At one point, Spacey turned to the camera and, in a callback to the fourth-wall-breaking style of his Netflix character, told the audience that while he loved the trappings of a traditional white Christmas, “the truth is I love nothing better on this day than to do a line of blow, drink a whiskey and coke, hit a reindeer with my car, and wish you all the naughtiest Christmas ever.”

Later in the conversation, Carlson asked Spacey if their interaction was “like, an episode, or is it real?”

If Spacey and Carlson have anything in common, it’s getting fired from premiere roles and being relegated to social media as their primary vehicle for exposure. While it was Spacey playing a fictional character, Carlson’s query vocalized a question that many aghast observers of the former Fox host’s career have posed over the years: How much of what Carlson does and says represents his true nature? How much of it is a business strategy? Does the insincerity of the man even matter when his fans take his every word as gospel? 
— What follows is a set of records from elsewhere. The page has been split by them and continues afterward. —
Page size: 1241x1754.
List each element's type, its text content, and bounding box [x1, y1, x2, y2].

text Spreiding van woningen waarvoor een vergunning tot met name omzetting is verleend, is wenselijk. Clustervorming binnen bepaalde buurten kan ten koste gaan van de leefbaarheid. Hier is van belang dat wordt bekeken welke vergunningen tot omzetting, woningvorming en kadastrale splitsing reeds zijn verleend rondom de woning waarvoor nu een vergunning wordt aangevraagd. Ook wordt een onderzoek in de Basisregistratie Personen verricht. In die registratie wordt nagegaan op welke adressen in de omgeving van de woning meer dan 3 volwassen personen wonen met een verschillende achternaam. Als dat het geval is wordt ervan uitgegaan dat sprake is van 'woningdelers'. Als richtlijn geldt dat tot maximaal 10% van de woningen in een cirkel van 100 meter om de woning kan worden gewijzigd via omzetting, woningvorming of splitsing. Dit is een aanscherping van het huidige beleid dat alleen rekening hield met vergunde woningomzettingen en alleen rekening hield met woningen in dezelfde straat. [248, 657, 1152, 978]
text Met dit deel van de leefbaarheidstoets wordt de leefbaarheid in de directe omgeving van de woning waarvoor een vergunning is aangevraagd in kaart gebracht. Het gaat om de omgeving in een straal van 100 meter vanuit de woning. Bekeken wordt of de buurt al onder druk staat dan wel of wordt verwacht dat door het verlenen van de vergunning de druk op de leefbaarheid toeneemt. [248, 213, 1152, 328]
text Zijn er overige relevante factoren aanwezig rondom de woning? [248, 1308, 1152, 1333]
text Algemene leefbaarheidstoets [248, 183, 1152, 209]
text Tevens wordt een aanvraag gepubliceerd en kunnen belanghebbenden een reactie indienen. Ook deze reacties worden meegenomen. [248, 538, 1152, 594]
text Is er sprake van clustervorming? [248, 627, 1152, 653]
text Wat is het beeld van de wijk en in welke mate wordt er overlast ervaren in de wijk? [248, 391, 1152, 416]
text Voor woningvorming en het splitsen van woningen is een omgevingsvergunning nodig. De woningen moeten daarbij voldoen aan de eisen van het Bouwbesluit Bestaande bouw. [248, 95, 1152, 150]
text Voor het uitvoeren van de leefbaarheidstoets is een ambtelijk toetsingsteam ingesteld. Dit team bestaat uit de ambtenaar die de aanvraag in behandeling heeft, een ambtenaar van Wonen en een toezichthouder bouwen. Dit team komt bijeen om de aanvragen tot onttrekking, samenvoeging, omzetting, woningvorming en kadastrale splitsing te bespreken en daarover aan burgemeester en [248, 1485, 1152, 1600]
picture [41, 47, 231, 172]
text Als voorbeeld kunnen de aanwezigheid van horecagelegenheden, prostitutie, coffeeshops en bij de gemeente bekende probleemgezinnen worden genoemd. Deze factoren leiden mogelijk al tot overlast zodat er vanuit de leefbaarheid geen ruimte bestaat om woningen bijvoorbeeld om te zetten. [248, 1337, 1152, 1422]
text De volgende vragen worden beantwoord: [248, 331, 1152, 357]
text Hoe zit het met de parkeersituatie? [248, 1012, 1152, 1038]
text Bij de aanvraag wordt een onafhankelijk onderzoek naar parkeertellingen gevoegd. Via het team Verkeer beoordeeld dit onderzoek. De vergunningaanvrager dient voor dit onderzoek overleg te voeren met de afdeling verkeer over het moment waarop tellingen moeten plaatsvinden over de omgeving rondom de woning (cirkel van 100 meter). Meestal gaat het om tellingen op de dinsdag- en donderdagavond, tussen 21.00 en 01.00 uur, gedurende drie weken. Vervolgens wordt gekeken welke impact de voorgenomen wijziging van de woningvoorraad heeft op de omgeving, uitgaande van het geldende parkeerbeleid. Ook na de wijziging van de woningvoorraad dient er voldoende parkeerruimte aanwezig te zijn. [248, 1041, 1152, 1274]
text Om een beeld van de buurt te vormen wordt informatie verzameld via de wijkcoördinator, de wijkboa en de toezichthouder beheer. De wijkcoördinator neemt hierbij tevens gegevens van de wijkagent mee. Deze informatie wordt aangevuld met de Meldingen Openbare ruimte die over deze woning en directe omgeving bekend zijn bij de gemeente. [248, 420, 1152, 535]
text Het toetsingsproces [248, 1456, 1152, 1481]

Since his sudden firing from Fox News in April, Carlson’s content style has made a curious shift. In the months since his ouster, Carlson — still a high-profile purveyor of white nationalism and conspiracy theories — has been working to rebuild his audience, redefine his brand, and make inroads in a changing digital right-wing media landscape. The result is an unmoored, former TV giant forced to compete with well-established conservative influencers for a younger, more online, and male demographic — and making really weird content choices to prove his bona fides as an independent content creator.  

Earlier this month, the Nelk Boys gifted Tucker Carlson the “world’s largest” Zyn canister. If that sentence is completely incomprehensible to you, you’re probably not a regular consumer of right-wing content, prank YouTubers, or nicotine.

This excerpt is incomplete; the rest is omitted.